* Source information:
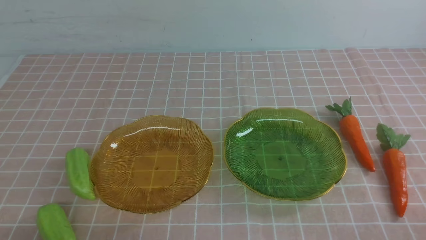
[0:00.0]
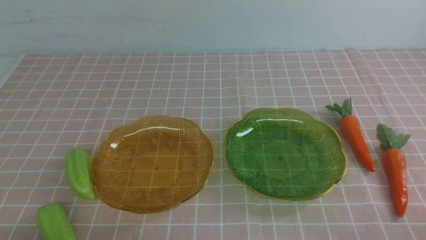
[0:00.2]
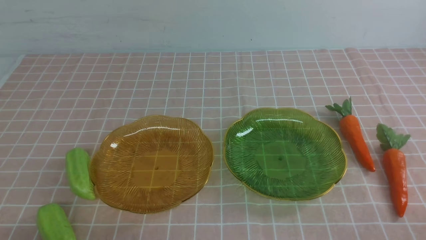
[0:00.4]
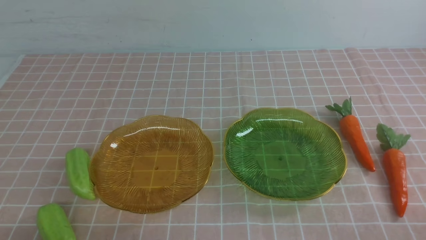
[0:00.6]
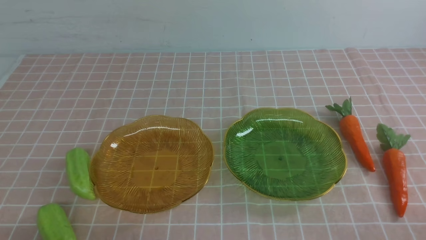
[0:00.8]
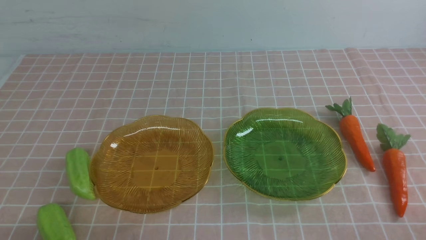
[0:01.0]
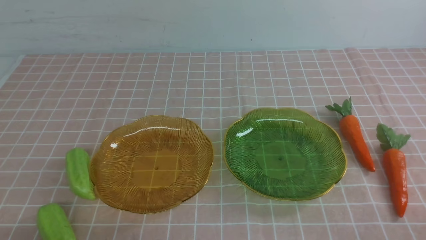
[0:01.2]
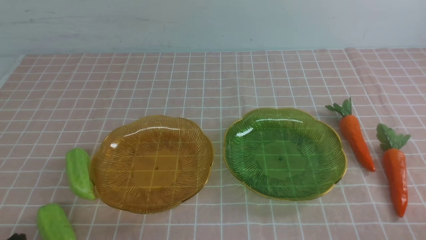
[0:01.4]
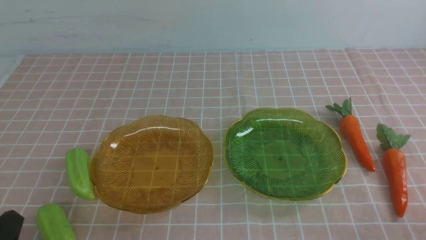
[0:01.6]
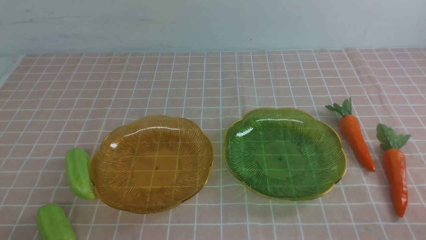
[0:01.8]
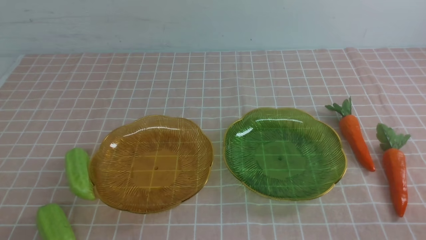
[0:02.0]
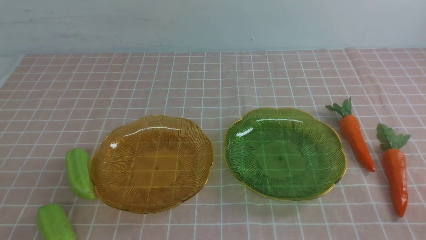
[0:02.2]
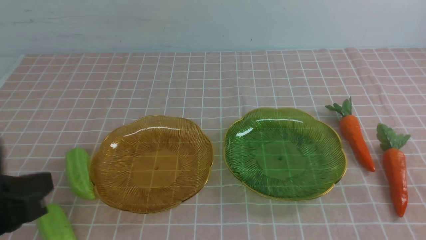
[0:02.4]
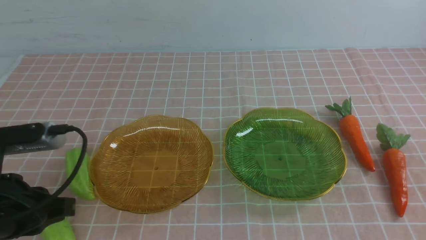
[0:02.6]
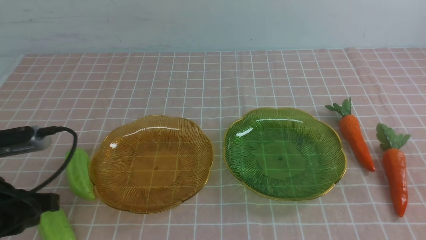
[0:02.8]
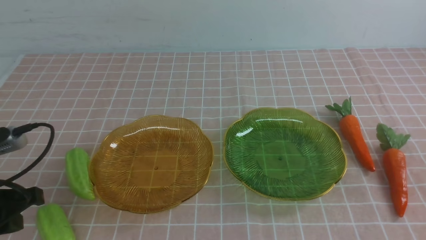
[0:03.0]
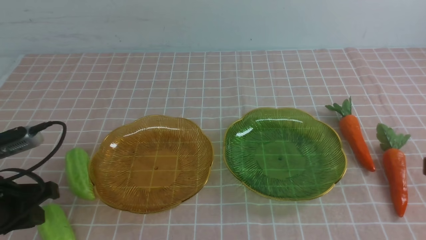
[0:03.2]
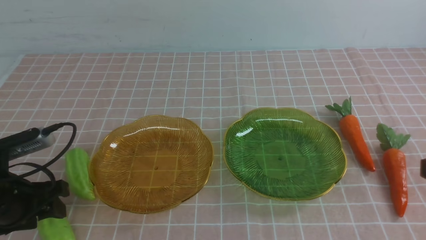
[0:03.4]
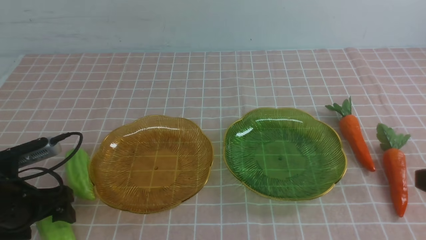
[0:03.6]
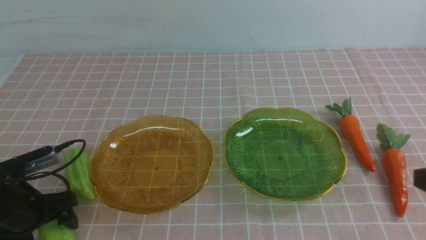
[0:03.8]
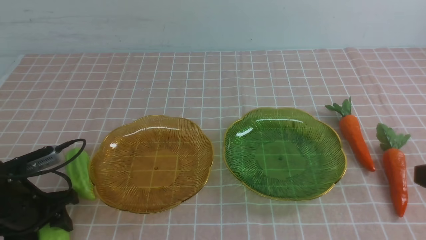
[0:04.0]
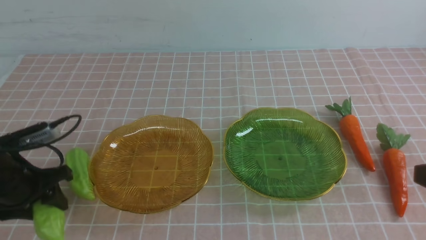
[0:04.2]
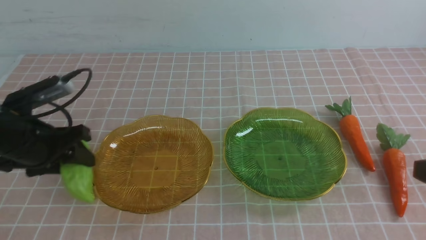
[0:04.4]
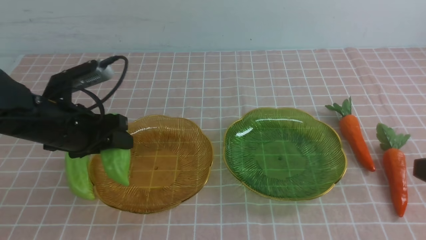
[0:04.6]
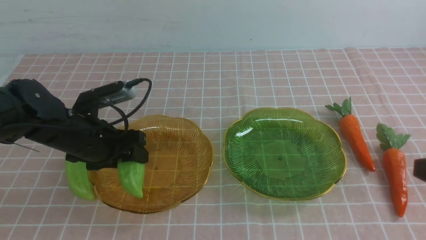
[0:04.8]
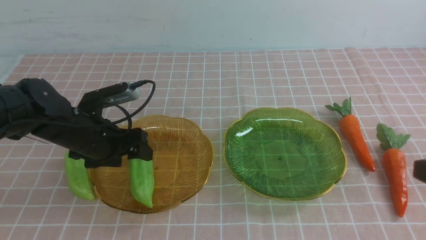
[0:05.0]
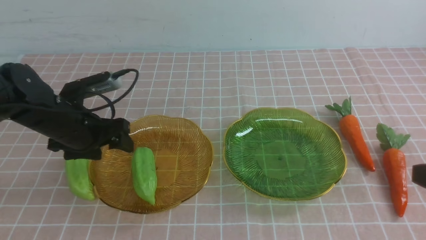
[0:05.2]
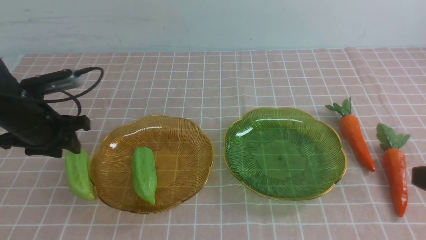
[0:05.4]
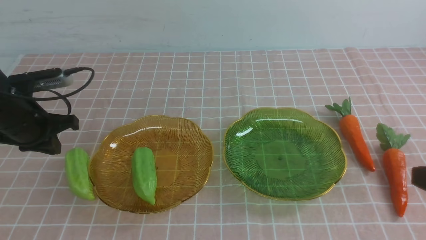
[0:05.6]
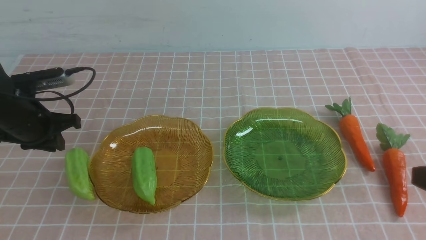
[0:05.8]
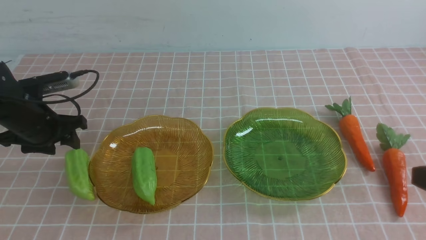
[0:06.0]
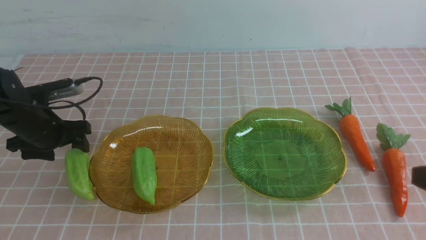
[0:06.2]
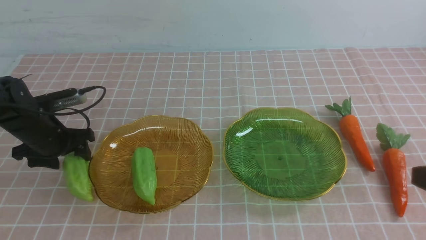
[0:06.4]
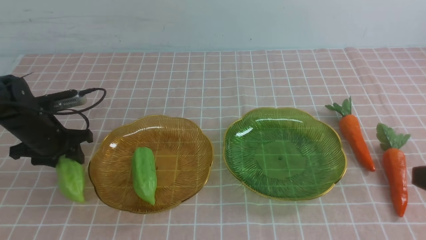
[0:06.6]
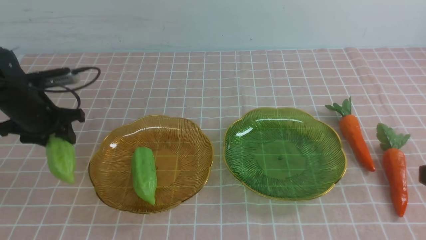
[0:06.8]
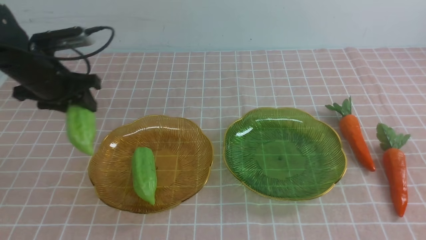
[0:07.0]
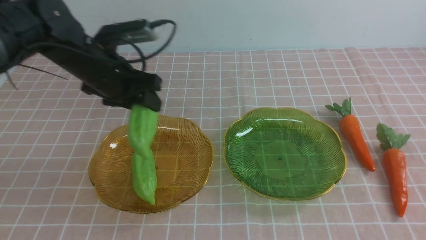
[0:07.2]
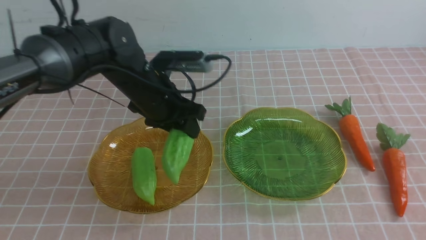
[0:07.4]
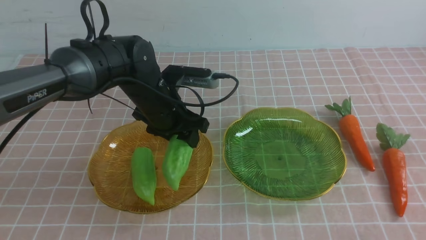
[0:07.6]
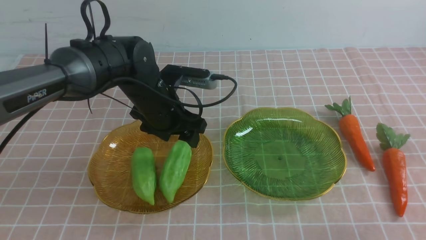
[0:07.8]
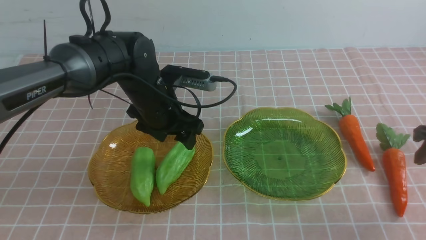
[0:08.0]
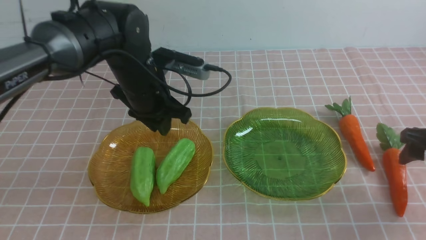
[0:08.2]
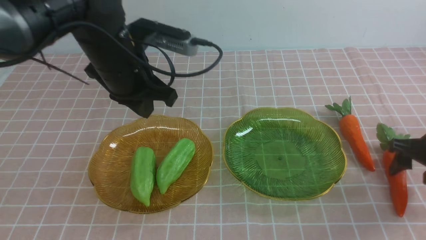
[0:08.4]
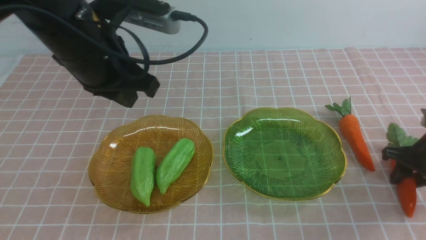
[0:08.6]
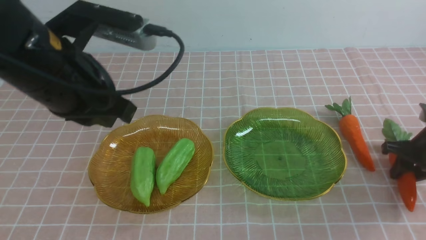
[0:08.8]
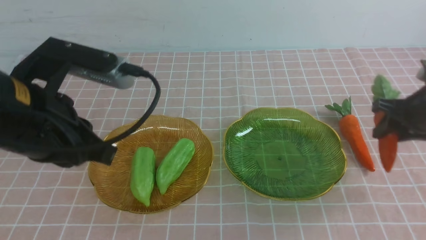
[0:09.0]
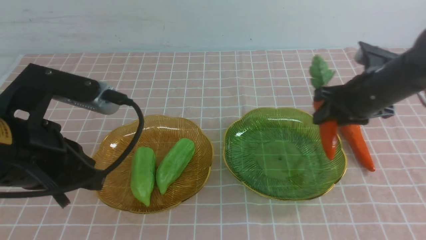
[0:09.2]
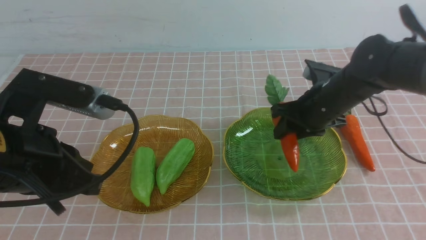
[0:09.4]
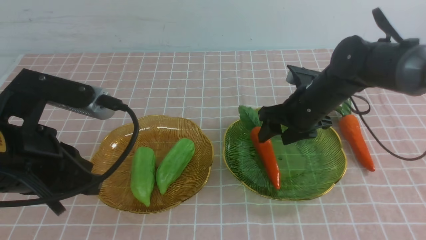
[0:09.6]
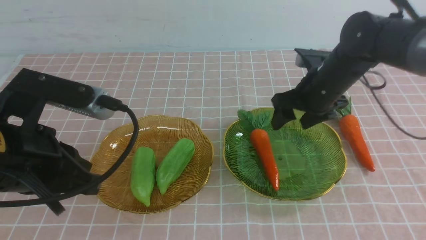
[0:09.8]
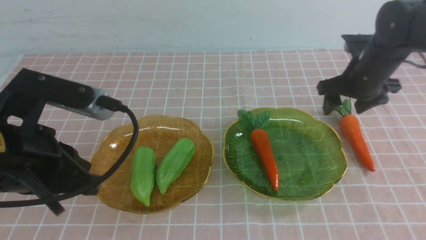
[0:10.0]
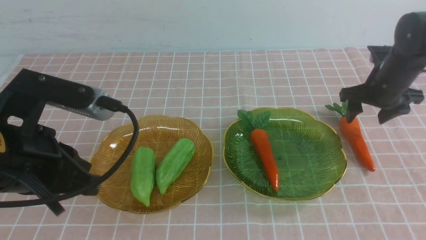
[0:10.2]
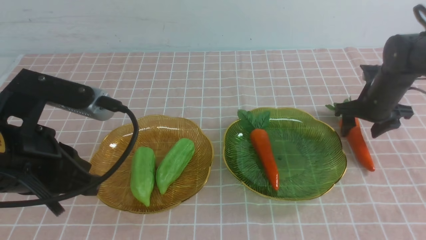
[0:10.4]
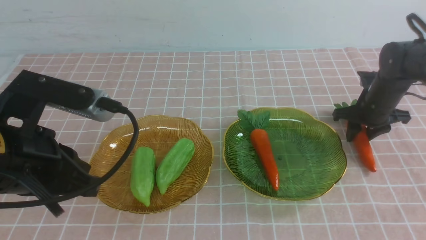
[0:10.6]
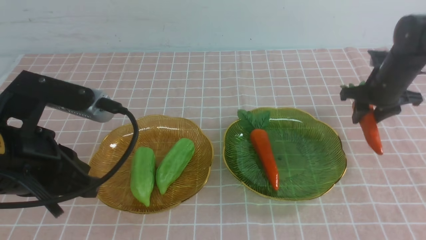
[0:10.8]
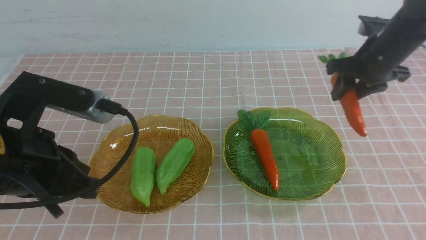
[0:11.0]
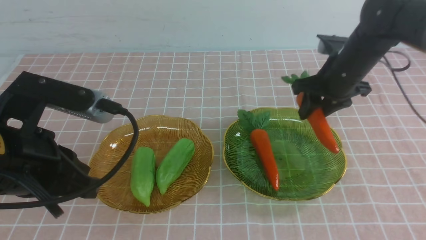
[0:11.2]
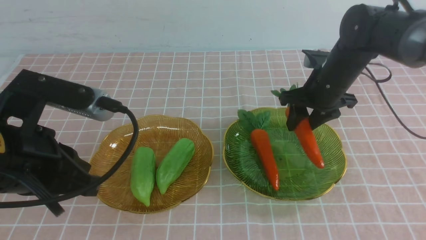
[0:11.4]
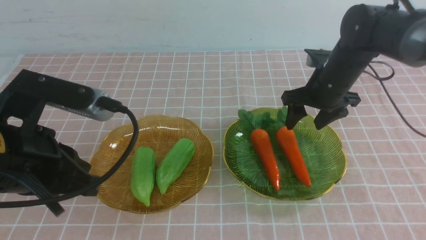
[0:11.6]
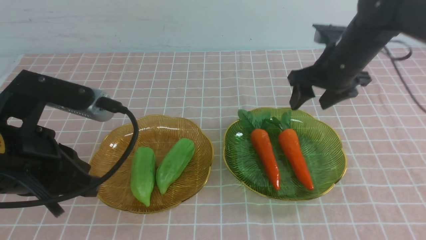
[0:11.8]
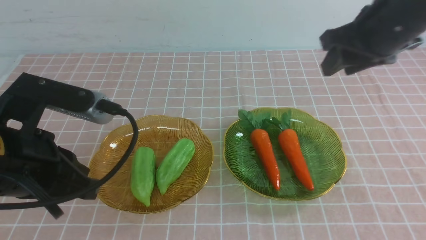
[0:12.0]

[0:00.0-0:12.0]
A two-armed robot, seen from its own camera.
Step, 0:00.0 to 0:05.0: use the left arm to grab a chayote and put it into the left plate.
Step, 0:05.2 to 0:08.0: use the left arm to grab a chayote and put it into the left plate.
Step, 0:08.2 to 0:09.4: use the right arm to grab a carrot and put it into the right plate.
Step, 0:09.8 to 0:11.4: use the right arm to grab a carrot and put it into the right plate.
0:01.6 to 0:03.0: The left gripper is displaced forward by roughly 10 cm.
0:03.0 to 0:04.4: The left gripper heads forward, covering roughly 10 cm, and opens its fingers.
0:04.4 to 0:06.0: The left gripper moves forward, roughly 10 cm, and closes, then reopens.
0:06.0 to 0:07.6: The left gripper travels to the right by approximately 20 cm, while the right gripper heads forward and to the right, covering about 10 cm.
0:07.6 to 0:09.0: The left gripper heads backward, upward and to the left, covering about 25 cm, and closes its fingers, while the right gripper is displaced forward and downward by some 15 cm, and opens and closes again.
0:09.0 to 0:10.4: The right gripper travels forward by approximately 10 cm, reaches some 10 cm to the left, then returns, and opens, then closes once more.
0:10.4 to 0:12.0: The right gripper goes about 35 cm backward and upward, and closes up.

* What the task asks: Copy out every entry above, character for character, excluding pictures.

* Final answer:
[0:00.0]
[0:00.2]
[0:00.4]
[0:00.6]
[0:00.8]
[0:01.0]
[0:01.2]
[0:01.4]
[0:01.6]
[0:01.8]
[0:02.0]
[0:02.2]
[0:02.4]
[0:02.6]
[0:02.8]
[0:03.0]
[0:03.2]
[0:03.4]
[0:03.6]
[0:03.8]
[0:04.0]
[0:04.2]
[0:04.4]
[0:04.6]
[0:04.8]
[0:05.0]
[0:05.2]
[0:05.4]
[0:05.6]
[0:05.8]
[0:06.0]
[0:06.2]
[0:06.4]
[0:06.6]
[0:06.8]
[0:07.0]
[0:07.2]
[0:07.4]
[0:07.6]
[0:07.8]
[0:08.0]
[0:08.2]
[0:08.4]
[0:08.6]
[0:08.8]
[0:09.0]
[0:09.2]
[0:09.4]
[0:09.6]
[0:09.8]
[0:10.0]
[0:10.2]
[0:10.4]
[0:10.6]
[0:10.8]
[0:11.0]
[0:11.2]
[0:11.4]
[0:11.6]
[0:11.8]
[0:12.0]

[0:00.0-0:12.0]
A two-armed robot, seen from its own camera.
Step, 0:00.0 to 0:05.0: use the left arm to grab a chayote and put it into the left plate.
Step, 0:05.2 to 0:08.0: use the left arm to grab a chayote and put it into the left plate.
Step, 0:08.2 to 0:09.4: use the right arm to grab a carrot and put it into the right plate.
Step, 0:09.8 to 0:11.4: use the right arm to grab a carrot and put it into the right plate.
0:01.6 to 0:03.0: The left gripper is displaced forward by roughly 10 cm.
0:03.0 to 0:04.4: The left gripper heads forward, covering roughly 10 cm, and opens its fingers.
0:04.4 to 0:06.0: The left gripper moves forward, roughly 10 cm, and closes, then reopens.
0:06.0 to 0:07.6: The left gripper travels to the right by approximately 20 cm, while the right gripper heads forward and to the right, covering about 10 cm.
0:07.6 to 0:09.0: The left gripper heads backward, upward and to the left, covering about 25 cm, and closes its fingers, while the right gripper is displaced forward and downward by some 15 cm, and opens and closes again.
0:09.0 to 0:10.4: The right gripper travels forward by approximately 10 cm, reaches some 10 cm to the left, then returns, and opens, then closes once more.
0:10.4 to 0:12.0: The right gripper goes about 35 cm backward and upward, and closes up.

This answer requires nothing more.